The specially formulated eye-drops were administered twice a day, usually on waking and again approximately six hours later, with an optional third dose if symptoms recurred or additional visual comfort was needed. The researchers assessed sight improvement by measuring how well patients could read the Jaeger chart—the standard chart used for testing uncorrected near visual acuity (without reading-glasses)—one hour after the first administration of the drops. The visual acuity of the patients continued to be monitored for two years.

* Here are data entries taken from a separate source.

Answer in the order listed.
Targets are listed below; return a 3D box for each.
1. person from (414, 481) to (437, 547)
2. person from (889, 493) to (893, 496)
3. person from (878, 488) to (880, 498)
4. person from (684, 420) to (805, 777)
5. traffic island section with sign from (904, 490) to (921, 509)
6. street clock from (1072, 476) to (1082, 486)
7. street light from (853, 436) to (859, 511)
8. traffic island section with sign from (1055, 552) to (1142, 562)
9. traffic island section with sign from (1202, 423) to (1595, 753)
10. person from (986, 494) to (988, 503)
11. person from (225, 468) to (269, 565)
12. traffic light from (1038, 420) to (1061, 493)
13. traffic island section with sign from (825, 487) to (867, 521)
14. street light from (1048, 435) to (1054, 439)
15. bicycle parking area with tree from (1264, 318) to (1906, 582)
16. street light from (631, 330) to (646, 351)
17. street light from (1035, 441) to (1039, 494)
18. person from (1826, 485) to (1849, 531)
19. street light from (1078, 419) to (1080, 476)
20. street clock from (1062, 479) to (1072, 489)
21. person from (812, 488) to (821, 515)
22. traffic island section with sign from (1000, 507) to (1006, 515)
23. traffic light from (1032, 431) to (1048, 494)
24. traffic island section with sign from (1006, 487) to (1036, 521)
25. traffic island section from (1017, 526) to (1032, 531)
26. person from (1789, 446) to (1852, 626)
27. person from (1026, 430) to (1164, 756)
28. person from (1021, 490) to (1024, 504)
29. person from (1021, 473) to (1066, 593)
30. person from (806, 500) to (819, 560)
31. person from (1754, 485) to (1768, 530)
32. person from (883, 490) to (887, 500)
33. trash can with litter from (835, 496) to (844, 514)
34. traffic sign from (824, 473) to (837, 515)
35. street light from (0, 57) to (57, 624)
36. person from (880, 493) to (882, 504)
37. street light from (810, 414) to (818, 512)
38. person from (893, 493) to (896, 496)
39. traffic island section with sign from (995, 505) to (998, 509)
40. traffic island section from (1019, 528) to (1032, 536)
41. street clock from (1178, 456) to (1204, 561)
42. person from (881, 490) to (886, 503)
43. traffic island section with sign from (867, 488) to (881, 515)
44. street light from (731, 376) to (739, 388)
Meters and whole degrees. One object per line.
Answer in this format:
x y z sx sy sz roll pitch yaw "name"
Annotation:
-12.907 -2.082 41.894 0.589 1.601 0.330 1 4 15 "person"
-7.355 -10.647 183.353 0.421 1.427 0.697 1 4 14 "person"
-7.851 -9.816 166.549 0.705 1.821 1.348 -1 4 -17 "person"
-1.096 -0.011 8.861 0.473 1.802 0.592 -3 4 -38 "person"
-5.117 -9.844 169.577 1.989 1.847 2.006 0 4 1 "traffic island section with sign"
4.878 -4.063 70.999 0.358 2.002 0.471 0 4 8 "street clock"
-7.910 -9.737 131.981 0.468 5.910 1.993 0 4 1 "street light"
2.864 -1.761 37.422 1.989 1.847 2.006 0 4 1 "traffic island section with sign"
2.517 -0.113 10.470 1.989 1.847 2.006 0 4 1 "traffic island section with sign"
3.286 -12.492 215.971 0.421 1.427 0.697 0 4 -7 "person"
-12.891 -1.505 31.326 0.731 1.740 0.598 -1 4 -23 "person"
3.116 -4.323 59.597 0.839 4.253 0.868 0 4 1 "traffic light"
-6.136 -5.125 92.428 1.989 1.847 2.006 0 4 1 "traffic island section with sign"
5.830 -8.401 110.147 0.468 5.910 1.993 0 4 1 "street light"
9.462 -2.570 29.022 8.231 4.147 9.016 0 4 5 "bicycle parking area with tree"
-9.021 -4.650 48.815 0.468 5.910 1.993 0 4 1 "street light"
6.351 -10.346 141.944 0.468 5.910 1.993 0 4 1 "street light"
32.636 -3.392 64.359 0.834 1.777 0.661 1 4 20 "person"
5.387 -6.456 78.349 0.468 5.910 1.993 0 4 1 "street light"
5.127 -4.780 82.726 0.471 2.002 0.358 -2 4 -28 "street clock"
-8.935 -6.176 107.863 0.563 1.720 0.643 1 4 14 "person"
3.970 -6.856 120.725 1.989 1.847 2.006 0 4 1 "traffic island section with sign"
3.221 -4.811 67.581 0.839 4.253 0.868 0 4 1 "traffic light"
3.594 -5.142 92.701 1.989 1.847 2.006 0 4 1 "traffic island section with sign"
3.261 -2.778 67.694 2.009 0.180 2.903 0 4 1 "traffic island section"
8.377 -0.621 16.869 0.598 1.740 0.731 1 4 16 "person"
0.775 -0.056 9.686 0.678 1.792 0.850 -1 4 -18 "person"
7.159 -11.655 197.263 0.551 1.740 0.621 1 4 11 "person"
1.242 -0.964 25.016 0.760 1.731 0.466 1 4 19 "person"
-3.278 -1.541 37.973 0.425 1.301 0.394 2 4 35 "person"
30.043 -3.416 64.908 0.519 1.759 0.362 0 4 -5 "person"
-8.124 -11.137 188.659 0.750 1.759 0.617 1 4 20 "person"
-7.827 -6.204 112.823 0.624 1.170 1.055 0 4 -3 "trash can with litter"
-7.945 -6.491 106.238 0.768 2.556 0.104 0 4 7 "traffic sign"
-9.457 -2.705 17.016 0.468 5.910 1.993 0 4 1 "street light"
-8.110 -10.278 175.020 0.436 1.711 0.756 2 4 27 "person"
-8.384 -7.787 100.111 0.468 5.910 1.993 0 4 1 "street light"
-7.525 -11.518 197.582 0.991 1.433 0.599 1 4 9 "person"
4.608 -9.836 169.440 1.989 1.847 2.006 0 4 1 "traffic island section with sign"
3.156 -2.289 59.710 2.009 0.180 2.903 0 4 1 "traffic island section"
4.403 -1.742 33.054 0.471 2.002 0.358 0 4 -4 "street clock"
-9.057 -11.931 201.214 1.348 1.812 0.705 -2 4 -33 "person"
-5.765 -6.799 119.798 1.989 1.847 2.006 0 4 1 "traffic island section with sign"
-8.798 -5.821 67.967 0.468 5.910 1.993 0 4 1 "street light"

The results showed that nearly all patients experienced positive improvements in near visual acuity, although the magnitude of the improvement depended on the status of their vision before treatment at baseline.The results also showed rapid and sustained improvements in near vision for all three concentrations. One hour after having the first drops, patients had an average improvement of 3.45 Jaeger lines. The treatment also improved focus at all distances.
Impressively, 99 percent of 148 patients in the 1 percent pilocarpine group reached optimal near vision and were able to read two or more extra lines. Approximately 83 percent of all patients maintained good functional near vision at 12 months. Importantly, no significant adverse events like increased intraocular pressure or retinal detachment were observed. In the 2 percent group, 69 percent of 248 patients were able to read three or more extra lines on the Jaeger chart, and in the 3 percent group, 84 percent of 370 patients could read three or more extra lines.
The improvement in the patients’ vision was sustained for up to two years, with a median duration of 434 days. Adverse side effects were mild, with the most common being temporary dim vision, which occurred in 32 percent of cases; irritation when the drops were instilled (3.7%); and headache (3.8%). No patients discontinued the treatment.
The study revealed that optimal pilocarpine concentrations could be individualized depending on the baseline severity of presbyopia as assessed by the initial Jaeger scores. Patients with less severe presbyopia responded best to 1percent concentrations, while those with more advanced presbyopia required higher 2 percent or 3 percent concentrations to achieve significant visual improvement.
The results suggest this combination therapy offers a safe, effective, and well-tolerated alternative to traditional presbyopia management. It significantly reduces dependence on reading glasses, providing a convenient, non-invasive option for patients. However, the eye-drops do not eliminate the need for glasses in all individuals, and are not intended to replace surgical interventions, but rather to provide eye care professionals with an evidence-based pharmacological option that expands the spectrum of presbyopia care beyond glasses and surgery.
An evaluation of the study by iIndependent experts found the study to be robust based on the large number of patients involved and the long follow-up time. Moreover, it was the first systematic evaluation comparing three different pilocarpine concentrations in combination with diclofenac. But the evaluators also highlighted the limitations of the study.
They pointed out that the study was based on a single center and that it was a retrospective study—which analyzes existing data from the past to understand outcomes, risks, or associations related to a disease or event. Long-term pilocarpine use has also been associated with side-effects such as red-eyes, eye-stain, irritation, reduced low-light and night vision, and, in rare cases, retinal detachment. Prolonged topical NSAID use may also pose corneal risks.
Warning that the limitations observed introduces selection bias and prevents the generalizing of the results over a wider population, the experts called for broader, long-term, multi-center studies to be conducted so as to confirm safety and effectiveness of the eye-drops before the treatment could be widely recommended.